Refugees consult GPs for mental disorders to a somewhat higher extent than the rest of the population (Straiton, 2016).
It is currently uncertain whether mental disorders are more prevalent among children and adolescents with immigrant backgrounds than in the rest of the population (Abebe, 2014; Noam, 2014; NOVA, 2015; NIPH, 2008); different studies produce somewhat different results. However, it is estimated that around half of unaccompanied refugee minors have symptoms of post-traumatic stress disorder upon or after arrival in Norway (Jakobsen, 2014; Jensen, 2015).
Physical health
Physical diseases among immigrants, as for the general population, are primarily non-communicable diseases. Certain groups are at particular risk:
- Diabetes is widespread among immigrants from Sri Lanka and Pakistan, with 20–24 per cent of adults aged 30–59 affected, compared to 3–6 per cent in the rest of the population (Jenum, 2012a). Women from countries with a high incidence of diabetes have an especially high risk of developing gestational diabetes (Jenum, 2012b).
- Immigrants from Eastern Europe have a higher risk of developing lung cancer and stomach cancer than the rest of the population (Hjerkind, 2017).
- Cardiovascular disease is more widespread among immigrants from Southern Asia and the Balkans than in the general population (Rabanal, 2013; Rabanal 2015). Around 20–25 per cent of immigrants from Turkey, Iraq and Pakistan are obese. The same applies to Somalian women, according to self-reported figures for height and weight (Statistics Norway, 2017)
- Vitamin D deficiency is widespread among immigrants from countries outside Europe, especially the Middle East, Sub-Saharan Africa and South Asia, where around three in five people have vitamin D deficiency (Eggemoen, 2013).

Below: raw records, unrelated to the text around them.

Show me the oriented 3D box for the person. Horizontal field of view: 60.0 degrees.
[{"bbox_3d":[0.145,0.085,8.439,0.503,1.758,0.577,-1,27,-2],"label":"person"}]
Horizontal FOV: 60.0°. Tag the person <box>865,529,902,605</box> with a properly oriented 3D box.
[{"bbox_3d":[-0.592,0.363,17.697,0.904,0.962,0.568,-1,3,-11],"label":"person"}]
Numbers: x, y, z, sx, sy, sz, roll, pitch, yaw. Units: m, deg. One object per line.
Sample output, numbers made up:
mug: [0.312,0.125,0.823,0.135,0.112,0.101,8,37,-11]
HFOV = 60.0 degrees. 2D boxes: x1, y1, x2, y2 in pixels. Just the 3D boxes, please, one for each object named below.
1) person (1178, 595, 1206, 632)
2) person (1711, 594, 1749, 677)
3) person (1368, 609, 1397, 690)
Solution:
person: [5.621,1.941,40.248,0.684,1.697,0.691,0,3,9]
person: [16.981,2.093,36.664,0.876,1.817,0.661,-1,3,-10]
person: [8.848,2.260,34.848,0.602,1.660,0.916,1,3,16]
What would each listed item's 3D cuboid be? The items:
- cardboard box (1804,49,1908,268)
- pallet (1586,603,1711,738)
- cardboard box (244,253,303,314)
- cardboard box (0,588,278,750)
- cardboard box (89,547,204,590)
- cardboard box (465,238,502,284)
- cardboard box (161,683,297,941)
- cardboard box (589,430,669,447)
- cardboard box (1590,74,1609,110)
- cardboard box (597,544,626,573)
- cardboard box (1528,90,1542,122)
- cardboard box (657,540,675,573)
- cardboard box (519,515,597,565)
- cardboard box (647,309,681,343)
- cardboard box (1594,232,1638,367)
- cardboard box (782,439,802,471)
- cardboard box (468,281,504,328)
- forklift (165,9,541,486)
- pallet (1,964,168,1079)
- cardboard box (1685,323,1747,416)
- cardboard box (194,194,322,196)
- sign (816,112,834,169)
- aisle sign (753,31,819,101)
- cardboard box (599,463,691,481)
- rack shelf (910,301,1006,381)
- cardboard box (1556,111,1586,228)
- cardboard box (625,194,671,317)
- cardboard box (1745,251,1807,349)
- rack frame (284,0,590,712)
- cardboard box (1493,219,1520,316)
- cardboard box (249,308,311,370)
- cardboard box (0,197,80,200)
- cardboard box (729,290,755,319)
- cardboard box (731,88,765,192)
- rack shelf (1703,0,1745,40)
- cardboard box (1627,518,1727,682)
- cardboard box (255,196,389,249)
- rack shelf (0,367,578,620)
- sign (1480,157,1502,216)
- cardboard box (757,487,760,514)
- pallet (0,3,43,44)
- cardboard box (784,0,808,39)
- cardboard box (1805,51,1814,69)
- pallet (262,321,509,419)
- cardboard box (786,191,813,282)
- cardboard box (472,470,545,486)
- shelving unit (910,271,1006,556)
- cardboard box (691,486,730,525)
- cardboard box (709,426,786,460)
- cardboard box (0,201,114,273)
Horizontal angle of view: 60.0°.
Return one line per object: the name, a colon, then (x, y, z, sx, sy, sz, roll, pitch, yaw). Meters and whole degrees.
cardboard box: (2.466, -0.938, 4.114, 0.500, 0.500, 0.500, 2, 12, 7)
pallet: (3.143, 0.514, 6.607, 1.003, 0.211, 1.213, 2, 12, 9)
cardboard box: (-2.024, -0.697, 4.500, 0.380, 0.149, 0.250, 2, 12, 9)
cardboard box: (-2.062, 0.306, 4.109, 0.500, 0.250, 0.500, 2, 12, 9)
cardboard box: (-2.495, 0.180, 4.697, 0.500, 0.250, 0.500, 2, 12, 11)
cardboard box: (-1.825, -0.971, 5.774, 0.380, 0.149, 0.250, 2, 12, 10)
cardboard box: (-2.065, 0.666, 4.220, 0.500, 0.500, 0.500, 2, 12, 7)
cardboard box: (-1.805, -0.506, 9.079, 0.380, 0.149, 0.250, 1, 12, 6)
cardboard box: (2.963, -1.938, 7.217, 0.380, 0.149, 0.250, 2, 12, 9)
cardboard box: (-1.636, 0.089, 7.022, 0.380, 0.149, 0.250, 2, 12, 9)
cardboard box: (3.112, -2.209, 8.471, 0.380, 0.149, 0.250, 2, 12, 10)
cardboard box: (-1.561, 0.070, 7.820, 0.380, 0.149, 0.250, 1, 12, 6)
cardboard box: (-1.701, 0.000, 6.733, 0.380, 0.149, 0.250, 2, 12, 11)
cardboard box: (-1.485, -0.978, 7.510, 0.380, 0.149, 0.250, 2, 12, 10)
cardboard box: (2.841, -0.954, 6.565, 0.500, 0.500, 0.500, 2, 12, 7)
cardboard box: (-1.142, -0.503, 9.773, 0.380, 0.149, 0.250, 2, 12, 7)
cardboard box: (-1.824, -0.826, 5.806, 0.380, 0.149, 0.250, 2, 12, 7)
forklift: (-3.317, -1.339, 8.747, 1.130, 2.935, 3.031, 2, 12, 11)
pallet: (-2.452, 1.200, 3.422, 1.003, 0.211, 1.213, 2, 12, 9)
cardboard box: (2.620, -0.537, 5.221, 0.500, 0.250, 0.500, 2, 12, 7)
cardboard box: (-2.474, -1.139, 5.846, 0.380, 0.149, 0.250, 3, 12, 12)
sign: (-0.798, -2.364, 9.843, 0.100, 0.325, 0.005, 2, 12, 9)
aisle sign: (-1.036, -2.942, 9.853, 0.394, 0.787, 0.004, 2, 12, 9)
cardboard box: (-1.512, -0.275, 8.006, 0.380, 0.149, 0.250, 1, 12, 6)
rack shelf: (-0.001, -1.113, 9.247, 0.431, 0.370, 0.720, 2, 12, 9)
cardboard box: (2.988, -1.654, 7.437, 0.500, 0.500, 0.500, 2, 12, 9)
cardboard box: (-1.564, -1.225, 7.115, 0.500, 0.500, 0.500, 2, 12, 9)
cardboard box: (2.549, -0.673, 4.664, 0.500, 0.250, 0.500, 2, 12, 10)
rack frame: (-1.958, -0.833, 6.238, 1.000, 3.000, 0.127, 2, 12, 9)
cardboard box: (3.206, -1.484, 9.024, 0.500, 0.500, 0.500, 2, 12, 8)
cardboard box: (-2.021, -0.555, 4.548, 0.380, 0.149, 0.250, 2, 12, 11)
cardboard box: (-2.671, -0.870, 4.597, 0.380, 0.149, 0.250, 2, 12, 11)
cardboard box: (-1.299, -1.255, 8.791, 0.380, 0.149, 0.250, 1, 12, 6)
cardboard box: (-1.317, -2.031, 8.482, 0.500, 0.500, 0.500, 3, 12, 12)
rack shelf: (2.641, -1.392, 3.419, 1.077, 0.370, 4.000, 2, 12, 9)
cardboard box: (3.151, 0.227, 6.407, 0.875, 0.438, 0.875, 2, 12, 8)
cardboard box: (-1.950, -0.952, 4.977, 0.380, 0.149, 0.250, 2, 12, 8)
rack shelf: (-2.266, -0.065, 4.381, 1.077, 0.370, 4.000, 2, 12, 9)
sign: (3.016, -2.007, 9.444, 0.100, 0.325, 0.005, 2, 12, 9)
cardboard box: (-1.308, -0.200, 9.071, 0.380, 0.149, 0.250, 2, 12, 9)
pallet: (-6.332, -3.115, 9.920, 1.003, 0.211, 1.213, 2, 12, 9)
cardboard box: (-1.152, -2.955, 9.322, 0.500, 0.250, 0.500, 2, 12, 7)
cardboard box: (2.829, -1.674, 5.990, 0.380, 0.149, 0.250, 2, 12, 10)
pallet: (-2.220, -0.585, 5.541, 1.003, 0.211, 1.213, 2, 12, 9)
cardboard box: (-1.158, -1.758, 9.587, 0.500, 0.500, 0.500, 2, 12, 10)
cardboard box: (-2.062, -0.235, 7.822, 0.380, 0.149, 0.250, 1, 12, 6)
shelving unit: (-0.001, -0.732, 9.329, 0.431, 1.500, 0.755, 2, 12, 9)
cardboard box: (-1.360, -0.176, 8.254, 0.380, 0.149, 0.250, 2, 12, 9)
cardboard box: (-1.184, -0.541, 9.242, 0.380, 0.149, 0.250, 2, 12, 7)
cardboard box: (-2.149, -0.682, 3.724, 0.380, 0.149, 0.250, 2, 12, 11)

Some immigrant groups have a higher incidence of certain infectious diseases than the general population, of which the majority are infected in their country of origin. Most of the new annual cases of tuberculosis and hepatitis B occur among immigrants. The same also applies to one half of new HIV cases (NIPH 2016b).
Lifestyle factors
Immigrants in general and the adult children of immigrants from countries outside Europe drink less alcohol than the general population. For example, one in five adolescents in Oslo with an immigrant background had consumed beer in the last month compared to about one half of those without an immigrant background (NOVA, 2012).
In several immigrant groups, there is still a considerable proportion who smoke daily. The average among immigrant men was 36 per cent, compared to 22 per cent among men in the general population, according to figures from Statistic Norway's survey. Around 45 per cent of immigrant men from Poland, Kosovo, Turkey and Vietnam smoked on a daily basis. Among women, the figures are much lower (Statistics Norway, 2017).
Knowledge of immigrant health and use of health services has increased in recent years, but is still lacking.